Integridad del vacío: el factor más importante que contribuye a la larga vida útil de los interruptores de vacío

Cómo el nivel de vacío garantiza la resistencia dieléctrica durante décadas

Cuando la presión interna se mantiene a niveles de aproximadamente 10^-2 Pa e incluso inferiores, no pueden producirse avalanchas electrónicas ni cascadas de ionización, que comprometen el aislamiento. En estos altos niveles de vacío, la distancia entre las moléculas de gas es suficientemente grande como para impedir la formación de trayectorias conductoras. Las investigaciones indican que los interruptores de vacío (VCB) construidos para operar a una presión base de 10^-4 Pa conservan el 95 % de su rigidez dieléctrica original tras 30 años. Las principales razones de la conservación de la rigidez dieléctrica a baja presión incluyen una dispersión eficiente de electrones, la ausencia de moléculas de gas disponibles para la ionización y un sistema de contactos estable. Estas condiciones solo pueden lograrse si los fabricantes definen los niveles de vacío para todo el ciclo de producción y funcionamiento del dispositivo.
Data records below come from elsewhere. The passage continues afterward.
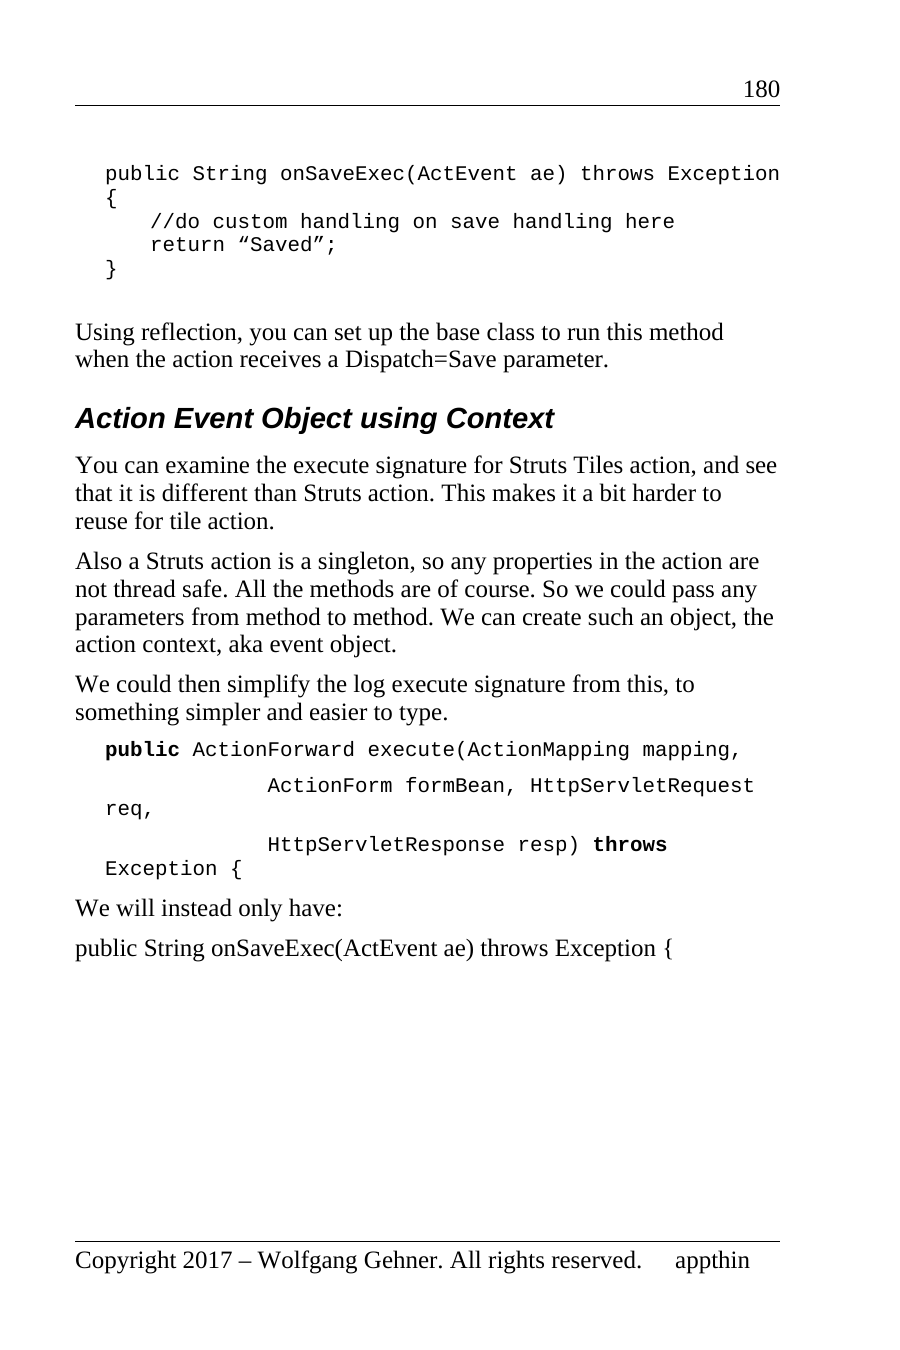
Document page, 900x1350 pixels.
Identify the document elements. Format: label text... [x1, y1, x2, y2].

text ActionForm formBean, HttpServletRequest req, [105, 775, 780, 822]
text HttpServletResponse resp) throws Exception { [105, 834, 780, 882]
text public ActionForward execute(ActionMapping mapping, [105, 738, 780, 762]
text public String onSaveExec(ActEvent ae) throws Exception { [75, 934, 780, 990]
text You can examine the execute signature for Struts Tiles action, and see that it is different than Struts action. This makes it a bit harder to reuse for tile action. [75, 452, 780, 535]
text Also a Struts action is a singleton, so any properties in the action are not thread safe. All the methods are of course. So we could pass any parameters from method to method. We can create such an object, the action context, aka event object. [75, 547, 780, 658]
text We could then simplify the log execute signature from this, to something simpler and easier to type. [75, 671, 780, 726]
subtitle Action Event Object using Context [75, 402, 780, 435]
text We will instead only have: [75, 894, 780, 922]
text Using reflection, you can set up the base class to run this method when the action receives a Dispatch=Save parameter. [75, 318, 780, 373]
text public String onSaveExec(ActEvent ae) throws Exception { //do custom handling on save handling here return “Saved”; } [105, 163, 780, 305]

Sellos herméticos cerámico-metal frente a sellos herméticos vidrio-metal: impacto en la vida útil. La unión moderna de cerámicas y metales ha logrado, por primera vez, una tasa de fuga de helio inferior a 10⁻¹² mbar·L/s, lo que representa una mejora de más de 100 veces respecto a la de los sellos de vidrio. Se trata de un cambio cualitativo que ralentiza los procesos de envejecimiento de los dispositivos.

Las cerámicas de alúmina, a diferencia de muchos materiales, no sufren agrietamiento por tensión mecánica debido a los ciclos térmicos. Esto garantiza que no se produzca la acumulación gradual de presión, que erosionaría la capacidad de interrupción del dispositivo.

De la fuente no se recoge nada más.